Copy the result of filtering the entries below for lines that include the string "Across".

*Dataset items*.
★ ★ ★ ★ ★
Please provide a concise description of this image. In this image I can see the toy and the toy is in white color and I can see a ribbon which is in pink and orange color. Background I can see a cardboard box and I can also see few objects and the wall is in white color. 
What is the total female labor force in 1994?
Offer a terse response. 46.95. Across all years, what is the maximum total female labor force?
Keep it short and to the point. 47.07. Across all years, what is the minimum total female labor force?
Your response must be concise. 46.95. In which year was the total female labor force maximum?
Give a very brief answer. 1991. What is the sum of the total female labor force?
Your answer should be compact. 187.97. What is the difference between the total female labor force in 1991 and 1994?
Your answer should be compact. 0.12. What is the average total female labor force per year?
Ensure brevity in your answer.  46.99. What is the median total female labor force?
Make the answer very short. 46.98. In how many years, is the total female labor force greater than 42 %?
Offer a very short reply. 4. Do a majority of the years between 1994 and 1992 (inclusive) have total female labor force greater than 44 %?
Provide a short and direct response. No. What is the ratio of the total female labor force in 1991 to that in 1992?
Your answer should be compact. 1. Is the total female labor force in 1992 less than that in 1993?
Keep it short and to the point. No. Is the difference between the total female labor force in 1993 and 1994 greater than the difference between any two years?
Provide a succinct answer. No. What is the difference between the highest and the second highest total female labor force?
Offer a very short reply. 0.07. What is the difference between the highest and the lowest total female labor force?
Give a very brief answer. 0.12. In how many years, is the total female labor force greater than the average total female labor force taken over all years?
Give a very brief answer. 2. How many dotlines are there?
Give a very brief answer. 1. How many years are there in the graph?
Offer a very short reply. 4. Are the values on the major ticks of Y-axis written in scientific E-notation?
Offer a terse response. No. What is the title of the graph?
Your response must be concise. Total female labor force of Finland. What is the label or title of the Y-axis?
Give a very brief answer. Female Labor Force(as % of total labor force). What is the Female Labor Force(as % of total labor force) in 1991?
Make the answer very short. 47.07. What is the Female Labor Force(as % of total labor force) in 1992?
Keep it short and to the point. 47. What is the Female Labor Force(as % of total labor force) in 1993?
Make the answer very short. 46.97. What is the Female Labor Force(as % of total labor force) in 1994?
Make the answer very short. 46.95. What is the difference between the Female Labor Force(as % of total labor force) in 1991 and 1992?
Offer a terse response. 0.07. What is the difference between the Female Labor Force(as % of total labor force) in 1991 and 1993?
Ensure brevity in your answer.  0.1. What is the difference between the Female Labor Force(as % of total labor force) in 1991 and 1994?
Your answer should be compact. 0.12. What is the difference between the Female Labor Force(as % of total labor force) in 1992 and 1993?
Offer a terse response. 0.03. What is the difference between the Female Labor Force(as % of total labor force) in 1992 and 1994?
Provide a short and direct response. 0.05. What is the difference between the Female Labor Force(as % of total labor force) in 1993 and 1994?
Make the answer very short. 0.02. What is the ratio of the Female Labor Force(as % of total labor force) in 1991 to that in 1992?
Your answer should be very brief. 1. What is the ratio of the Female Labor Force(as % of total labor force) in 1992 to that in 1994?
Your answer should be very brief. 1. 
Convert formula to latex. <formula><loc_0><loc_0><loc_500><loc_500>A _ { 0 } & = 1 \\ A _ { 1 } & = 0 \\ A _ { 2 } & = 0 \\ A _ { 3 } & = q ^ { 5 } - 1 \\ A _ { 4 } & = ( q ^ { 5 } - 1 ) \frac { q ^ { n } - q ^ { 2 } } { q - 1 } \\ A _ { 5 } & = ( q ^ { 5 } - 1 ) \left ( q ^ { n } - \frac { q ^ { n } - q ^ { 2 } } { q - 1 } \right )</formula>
★ ★ ★ ★ ★
*EXERCISE SOLUTION*.
Offer a terse response. 46.95. Across all years, what is the maximum total female labor force?
Keep it short and to the point. 47.07. Across all years, what is the minimum total female labor force?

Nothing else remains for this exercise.